Acórdão nº 400/12.3TBVLN-A.G1 de Tribunal da Relação de Guimarães, 05 de Junho de 2014

Magistrado ResponsávelJORGE TEIXEIRA
Data da Resolução05 de Junho de 2014
EmissorTribunal da Relação de Guimarães

I - RELATÓRIO Apelante: Companhia de Seguros…, SA.

Apelado: J… Tribunal Judicial de Valença Foi proferido nestes autos, em 28.10.2013, o seguinte despacho que se transcreve na parte em que interessa ao recurso em análise: “Por não ser pertinente nem dilatória, admito a prova pericial requerida que será realizada no Instituto Medicina Legal competente a realizar por um perito médico contratado, fixando como objecto da mesma os factos indicados pelas partes nos termos dos artigos 467.º n.º 3 e 476.º do C.P.C., indeferindo-se assim a realização de perícia colegial conforme requerida pela ré por atender ao mencionado art.º 567.º n.º 3 do C.P.C., a mesma é inadmissível.

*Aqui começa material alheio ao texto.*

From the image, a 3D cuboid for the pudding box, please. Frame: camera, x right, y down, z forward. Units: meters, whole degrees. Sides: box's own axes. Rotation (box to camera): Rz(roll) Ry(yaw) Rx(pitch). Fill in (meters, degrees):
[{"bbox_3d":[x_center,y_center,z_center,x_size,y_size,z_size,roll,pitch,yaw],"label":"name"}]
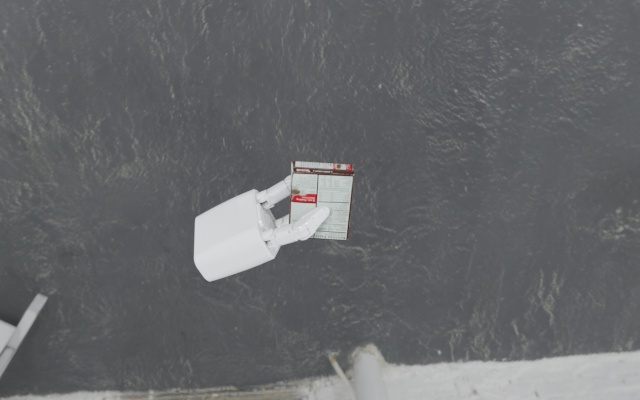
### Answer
[{"bbox_3d":[0.000,0.002,0.693,0.090,0.114,0.039,3,30,-3],"label":"pudding box"}]
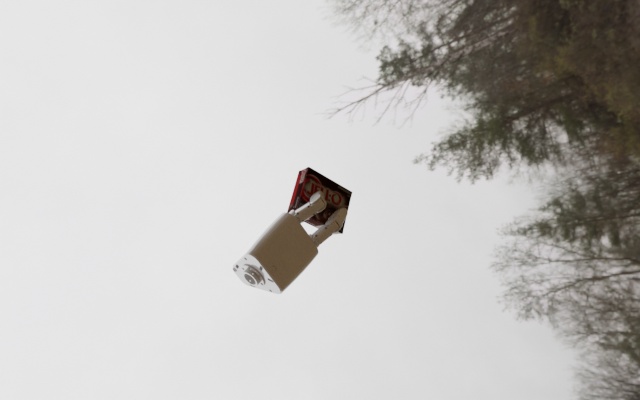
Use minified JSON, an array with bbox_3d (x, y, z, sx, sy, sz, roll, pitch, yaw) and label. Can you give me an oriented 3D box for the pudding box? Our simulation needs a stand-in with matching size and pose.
[{"bbox_3d":[0.000,0.003,0.889,0.113,0.090,0.039,29,-26,-32],"label":"pudding box"}]
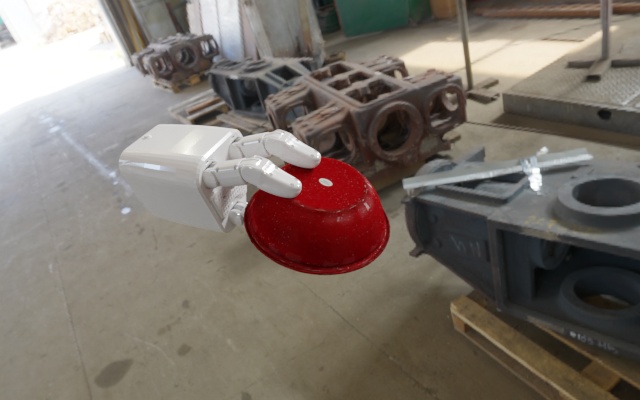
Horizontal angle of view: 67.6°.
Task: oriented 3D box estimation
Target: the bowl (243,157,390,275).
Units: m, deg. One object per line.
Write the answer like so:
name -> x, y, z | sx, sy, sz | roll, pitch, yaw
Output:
bowl -> 0.001, 0.002, 0.510 | 0.162, 0.055, 0.162 | 6, 40, -5
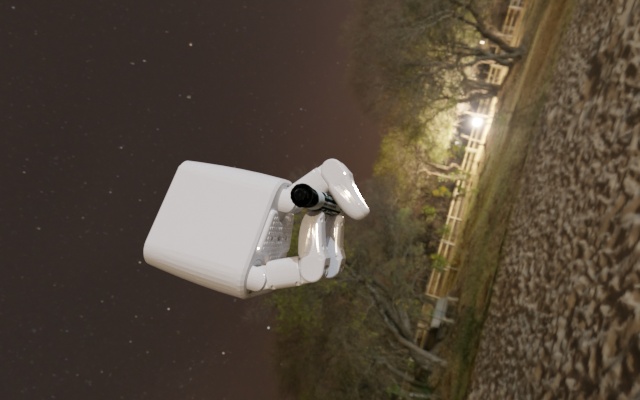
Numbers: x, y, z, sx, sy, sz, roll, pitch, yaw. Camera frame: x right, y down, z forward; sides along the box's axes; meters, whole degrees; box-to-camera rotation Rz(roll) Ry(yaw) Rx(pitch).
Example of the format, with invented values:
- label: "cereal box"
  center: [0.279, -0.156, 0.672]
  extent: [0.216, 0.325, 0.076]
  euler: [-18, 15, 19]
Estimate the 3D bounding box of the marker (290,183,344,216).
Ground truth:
- label: "marker"
  center: [0.000, 0.001, 0.417]
  extent: [0.020, 0.020, 0.121]
  euler: [0, -5, 16]

Solicite ao Instituto Medicina Legal competente a designação de dia e hora para realização do exame médico-legal supra referido”.

Inconformado com tais decisões, delas interpôs recurso a Ré, de cujas alegações extraiu, em suma, as seguintes conclusões: I- A perícia colegial requerida nos presentes autos, apesar de ser médica, não é de clínica médico-legal e forense; II- Não há, no caso, qualquer interesse de ordem pública (ou até de saúde pública, como é o caso das autópsias) que imponha a intervenção exclusiva do INML na realização do exame pericial pedido pelas partes num processo em que se discutem direitos disponíveis; III- Assim, considera a Ré não é aplicável ao exame solicitado o disposto na Lei 45/2004.

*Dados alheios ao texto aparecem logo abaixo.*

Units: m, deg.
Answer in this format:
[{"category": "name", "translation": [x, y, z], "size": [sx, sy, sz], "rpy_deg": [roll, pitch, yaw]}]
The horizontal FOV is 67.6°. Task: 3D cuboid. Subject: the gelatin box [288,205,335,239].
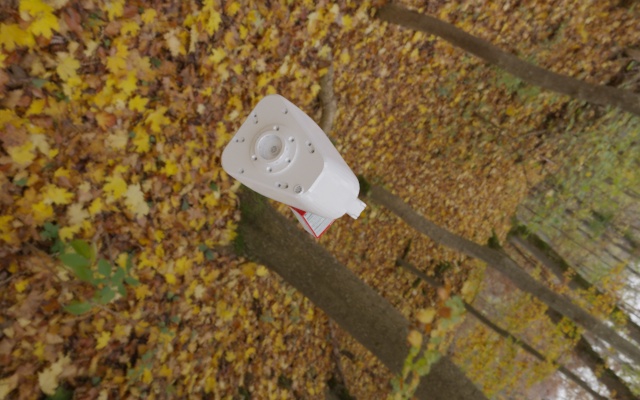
[{"category": "gelatin box", "translation": [0.001, 0.002, 0.631], "size": [0.030, 0.073, 0.089], "rpy_deg": [36, -11, 26]}]
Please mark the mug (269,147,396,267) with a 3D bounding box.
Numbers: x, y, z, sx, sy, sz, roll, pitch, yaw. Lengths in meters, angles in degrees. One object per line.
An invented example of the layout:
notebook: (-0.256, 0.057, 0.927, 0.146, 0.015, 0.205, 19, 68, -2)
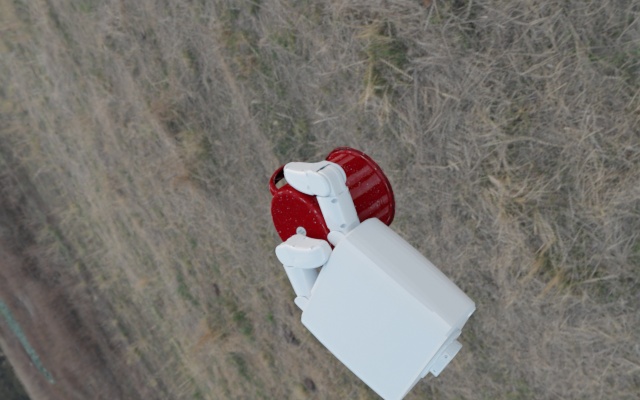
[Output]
mug: (-0.001, 0.001, 0.450, 0.117, 0.093, 0.081, 39, 51, 25)
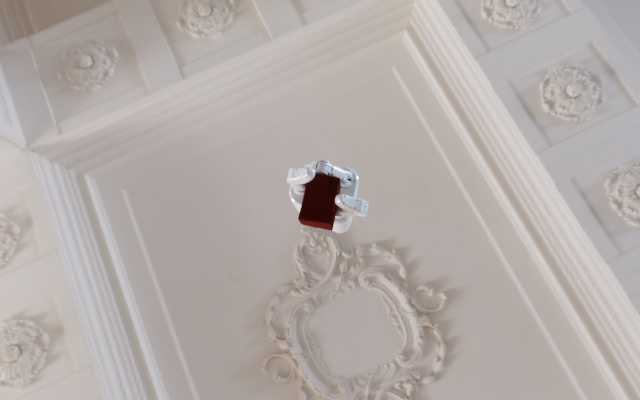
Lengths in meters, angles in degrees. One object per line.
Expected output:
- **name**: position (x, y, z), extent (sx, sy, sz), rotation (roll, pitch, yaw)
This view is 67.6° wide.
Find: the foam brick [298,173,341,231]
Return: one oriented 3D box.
- **foam brick**: position (0.000, 0.003, 0.749), extent (0.053, 0.078, 0.051), rotation (11, -14, 6)

IV- O nº 3 do artigo 21º da Lei 45/2004 prevê a inaplicabilidade do nº 1 desse mesmo preceito “aos exames em que outros normativos legais determinem disposição diferente”; V- O artigo 468º n.º 1 alínea b) do NCPC estabelece que “A perícia é realizada por mais de um perito, até ao número de três, funcionando em moldes colegiais ou interdisciplinares: b) quando alguma das partes, nos requerimentos previstos no artigo 475º e no nº 1 do artigo 476.º requerer a realização de perícia colegial ”, cabendo, nesse caso, ao tribunal iniciar um perito e a cada uma das partes outro (cfr artigo 468º n.º 2 do mesmo diploma); VI- As normas da alínea b) do n.º 1 e do nº 2 do artigo 468º do Código de Processo Civil, constituem um dos “normativos legais” a que alude o n.º 3 do artigo 21º da Lei 45/2004 e que determinam disposição diferente ao princípio geral da intervenção nas perícias de apenas um só perito.

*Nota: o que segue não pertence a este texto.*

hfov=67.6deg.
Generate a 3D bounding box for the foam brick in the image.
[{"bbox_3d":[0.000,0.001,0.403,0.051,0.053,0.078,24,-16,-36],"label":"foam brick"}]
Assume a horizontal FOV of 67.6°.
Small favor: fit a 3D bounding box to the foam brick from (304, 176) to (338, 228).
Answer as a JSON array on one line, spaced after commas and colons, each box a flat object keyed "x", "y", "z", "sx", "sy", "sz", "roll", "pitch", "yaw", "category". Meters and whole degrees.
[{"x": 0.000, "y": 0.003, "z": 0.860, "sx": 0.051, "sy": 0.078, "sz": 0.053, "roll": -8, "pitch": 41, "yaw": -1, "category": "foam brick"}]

VII- É, precisamente, por força dessa ressalva que que a perícia médica a realização no âmbito de um acidente de trabalho, prevista no artigo 138º do CPT, continua a ser realizada em moldes colegiais, com dois peritos indicados pelas partes e um outro pelo tribunal (cfr. 139º n.º 5); de facto, existe uma norma que prevê regime distinto ao da Lei 45/2004 - a do artigo 138º do CPT -, como ocorre nas perícias em direito civil por força dos artigos 468º n.º 1 alínea b) e nº 2.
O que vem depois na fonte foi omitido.